Speaking of which, this sort of ~10 episode format is nice for crime dramas. One extended case that sort of wraps up at the end. But not really as other stuff drags out, linking the seasons together. Much better than standard procedurals where things get wrapped up in one episode all too often.

I generally only knew Titus Welliver as a bad guy (e.g., in The Good Wife), so it took a bit to get used to him as the (highly flawed) hero.

There’s also a little bit of The Wire reunion going on.

The show seems able to extract better performances from most of the “guest” actors than you would expect. In the second season Jeri Ryan performed better than I expected (a very low bar for her) and Brent Sexton did an unqualified great job.

Looking at Welliver’s IMDb page, I can’t help but exclaim “Ooh, Navy SEALs!”

I feel I must defend the under appreciated Ms Ryan. She’s a much better actress than you’d think only seeing 7 of 9.

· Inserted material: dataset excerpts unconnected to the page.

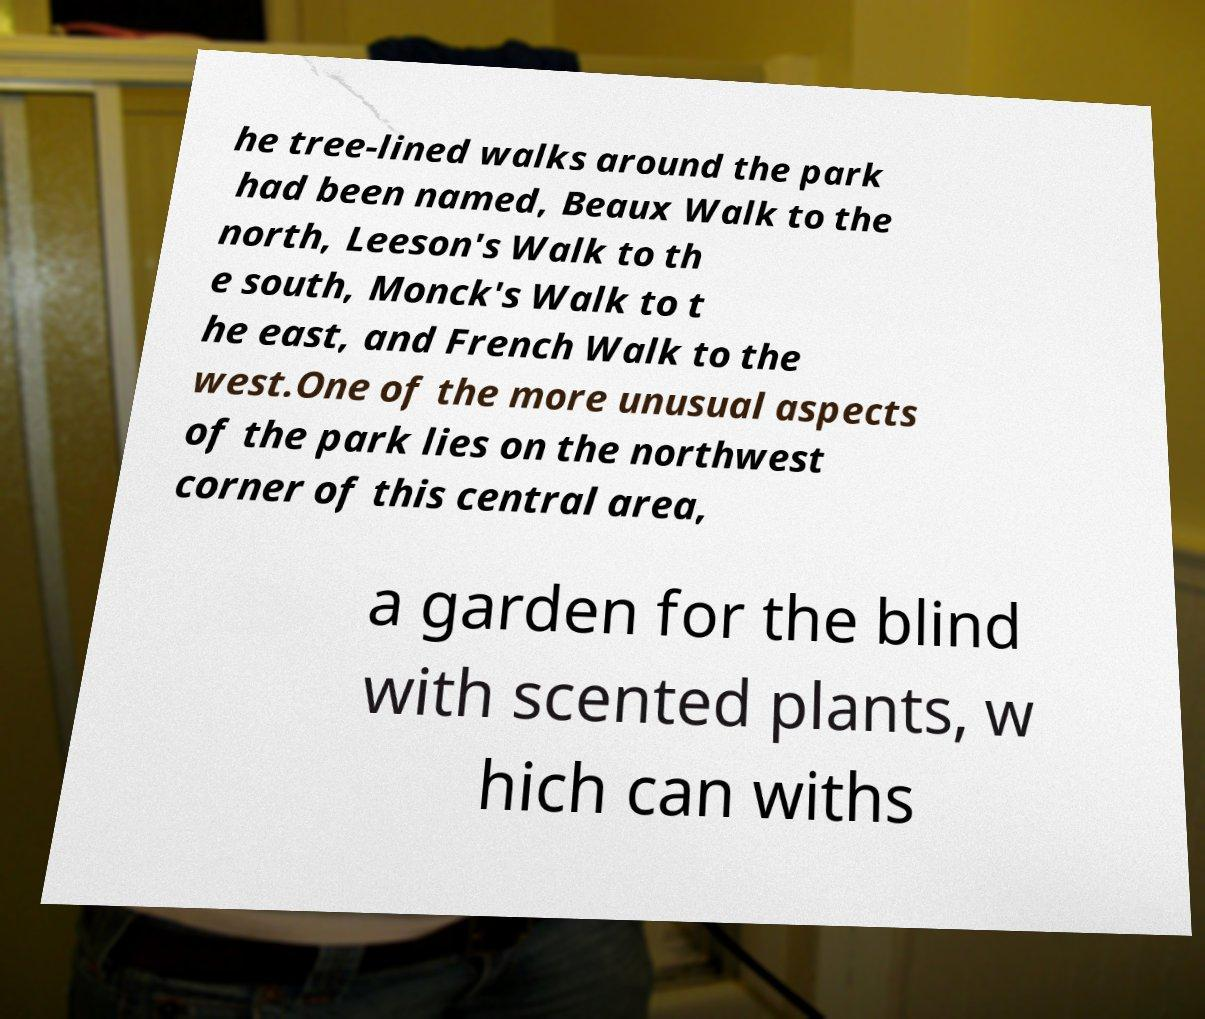Please identify and transcribe the text found in this image. he tree-lined walks around the park had been named, Beaux Walk to the north, Leeson's Walk to th e south, Monck's Walk to t he east, and French Walk to the west.One of the more unusual aspects of the park lies on the northwest corner of this central area, a garden for the blind with scented plants, w hich can withs 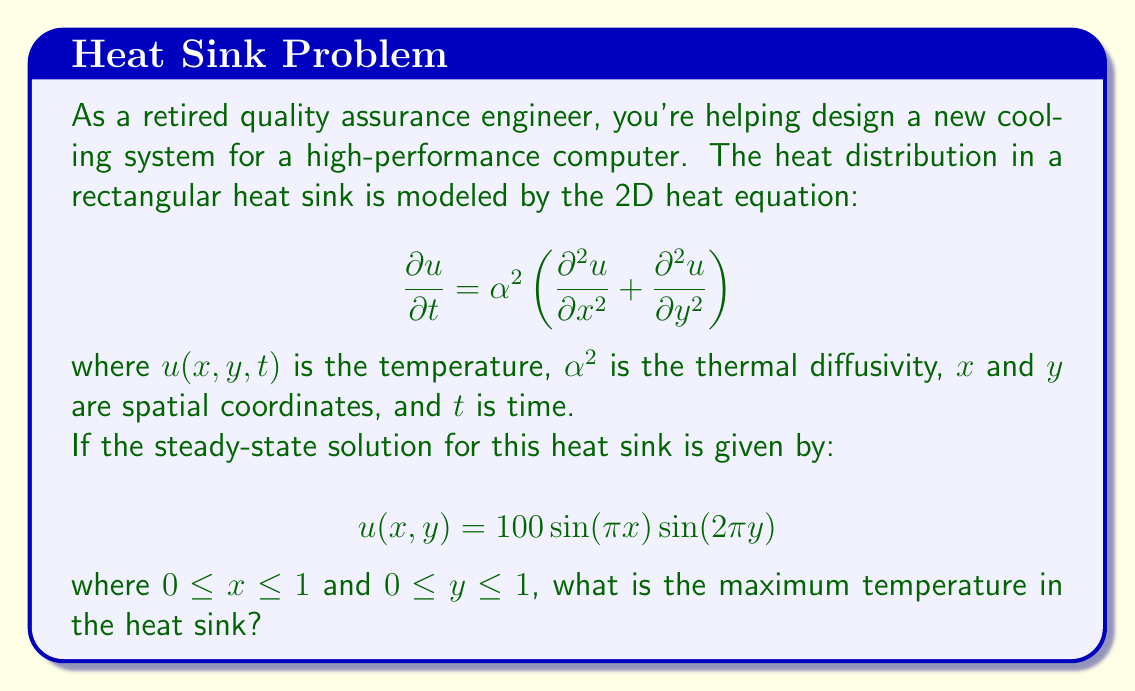Give your solution to this math problem. To find the maximum temperature in the heat sink, we need to analyze the given steady-state solution:

$$u(x,y) = 100 \sin(\pi x) \sin(2\pi y)$$

Step 1: Identify the domain
The domain is given as $0 \leq x \leq 1$ and $0 \leq y \leq 1$.

Step 2: Analyze the sinusoidal functions
- $\sin(\pi x)$ has a period of 2 and reaches its maximum value of 1 when $x = 0.5$.
- $\sin(2\pi y)$ has a period of 1 and reaches its maximum value of 1 when $y = 0.25$ or $y = 0.75$.

Step 3: Determine the maximum value
The maximum temperature will occur when both sinusoidal functions reach their maximum values simultaneously. This happens when:

$x = 0.5$ and $y = 0.25$ (or $y = 0.75$)

At these points:
$$u_{max} = 100 \cdot \sin(\pi \cdot 0.5) \cdot \sin(2\pi \cdot 0.25)$$
$$u_{max} = 100 \cdot 1 \cdot 1 = 100$$

Therefore, the maximum temperature in the heat sink is 100 (in the units used for the temperature scale, likely degrees Celsius or Kelvin).
Answer: 100 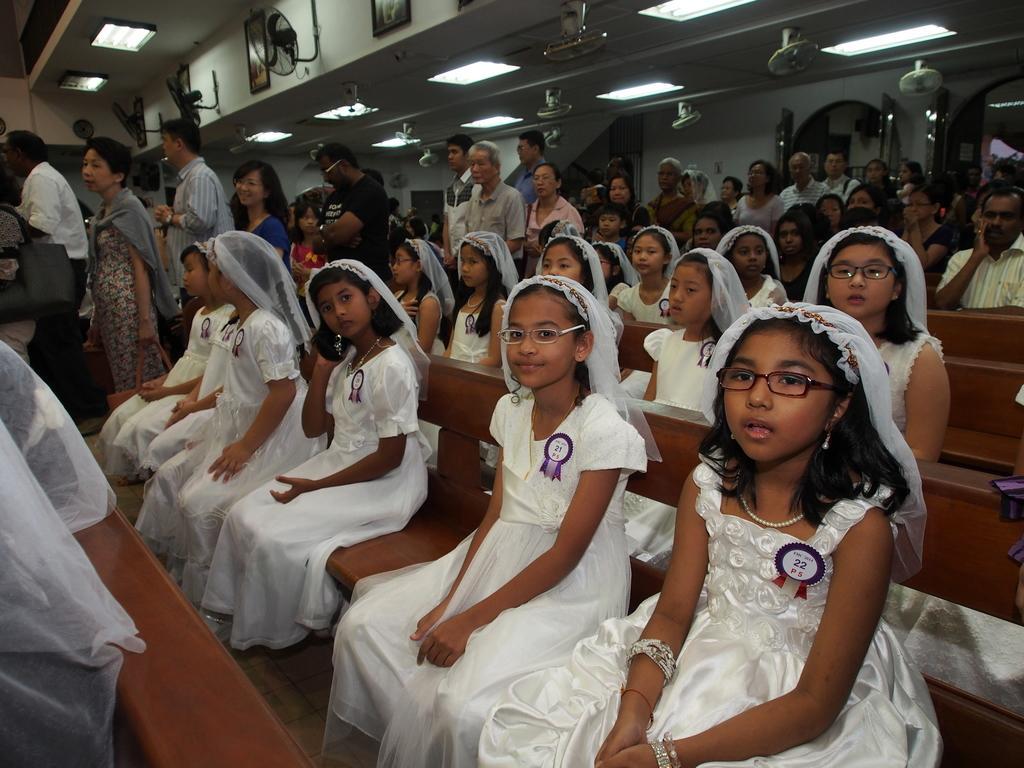In one or two sentences, can you explain what this image depicts? In this image we can see many girls wearing white frock are sitting on the wooden benches and these people standing here. In the background, we can see photo frames and fans on the wall and lights to the ceiling. 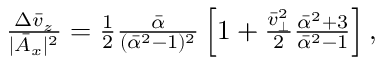<formula> <loc_0><loc_0><loc_500><loc_500>\begin{array} { r } { \frac { \Delta \bar { v } _ { z } } { | \bar { A } _ { x } | ^ { 2 } } = \frac { 1 } { 2 } \frac { \bar { \alpha } } { ( \bar { \alpha } ^ { 2 } - 1 ) ^ { 2 } } \left [ 1 + \frac { \bar { v } _ { \perp } ^ { 2 } } { 2 } \frac { \bar { \alpha } ^ { 2 } + 3 } { \bar { \alpha } ^ { 2 } - 1 } \right ] , } \end{array}</formula> 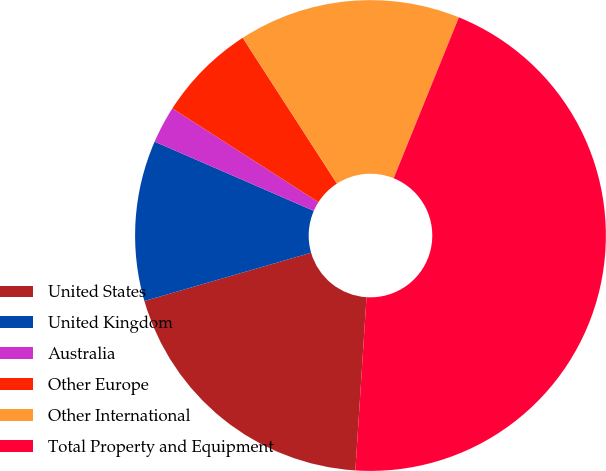Convert chart to OTSL. <chart><loc_0><loc_0><loc_500><loc_500><pie_chart><fcel>United States<fcel>United Kingdom<fcel>Australia<fcel>Other Europe<fcel>Other International<fcel>Total Property and Equipment<nl><fcel>19.49%<fcel>11.02%<fcel>2.55%<fcel>6.79%<fcel>15.26%<fcel>44.9%<nl></chart>

Check out her work in her short run in Leverage.

She’s no Elizabeth Rohm!:slight_smile:

I’m a little late to the party. My mother recommended this series to me.

Took me several tries to get through the first half of the first episode. For some reason, it just wasn’t clicking for me. Then, at some point, it did. I watched 10 episodes in a single sitting. I am now on episode 3 of season 2. I like it a lot, although it does seem to get off track here and there. Love the jazz music!

I completely agree. The books, especially the early ones, are excellent.

I’ve watched a few minutes here and there of the television show - thinking I’d record it later. But it just didn’t work for me.

And I hadn’t imagined an actor for Harry Bosch while reading but if I had to, then maybe a slightly slimmer Dennis Franz (Detective Andy Sipowicz of NYPD Blue).

Season 3 is now available on Amazon. There is a nearly seamless transition from the previous seasons, and none of the actors seem to have gone “cute” with their characters as sometimes happens. Good, gritty police drama.

Thanks for the heads-ups, both on the availability and the continuity.

Especially in these days of short, highly popular seasons, it’s all too easy for the actors to fall into self-parody or narcissism or having to act out their great big raise (or lack of it). But Welliver’s one of those hardworking pros I can’t imagine turning in a second-rate performance.

I’m on episode 3 and I’ve got to ask. Does it pick up? I love the Bosch books and have enjoyed (but not loved) seasons 1 & 2 of the series. This season, though, seems unusually dull.

I don’t recall seasons 1 and 2 being slam-bang exciting. It’s a lot like The Wire, where the first two or three episodes of each season were almost incomprehensibly disconnected, and then suddenly around ep 4, the threads started to tangle and pull together. The opening of ep 5 alone has made the season worthwhile to me.

Yeah, it gets fairly tense, although they could have edited out some of the father-daughter exposition. This series comes about as close as it can to actual days as a LEO without putting its audience to sleep: 99% type up reports, make phone calls, knock on doors, and then 1% of HOLY SHIT! Welliver, Aquino and Hector are just excellent, as are many others. I wasn’t a fan of Lance Reddick (Deputy Chief Irving) in The Wire, and am still not. He seems to be fairly one dimensional.

He makes me think of an Easter Island head (in size if nothing else). :slight_smile: But yes, he seems to have a Hepburn-like range. But then, all of his characters have been that same personally-troubled, straight-arrow senior cop who can’t be pushed around and is permanently frustrated by the machinations around him.

I haven’t started the new season yet. Which book(s) is it based on?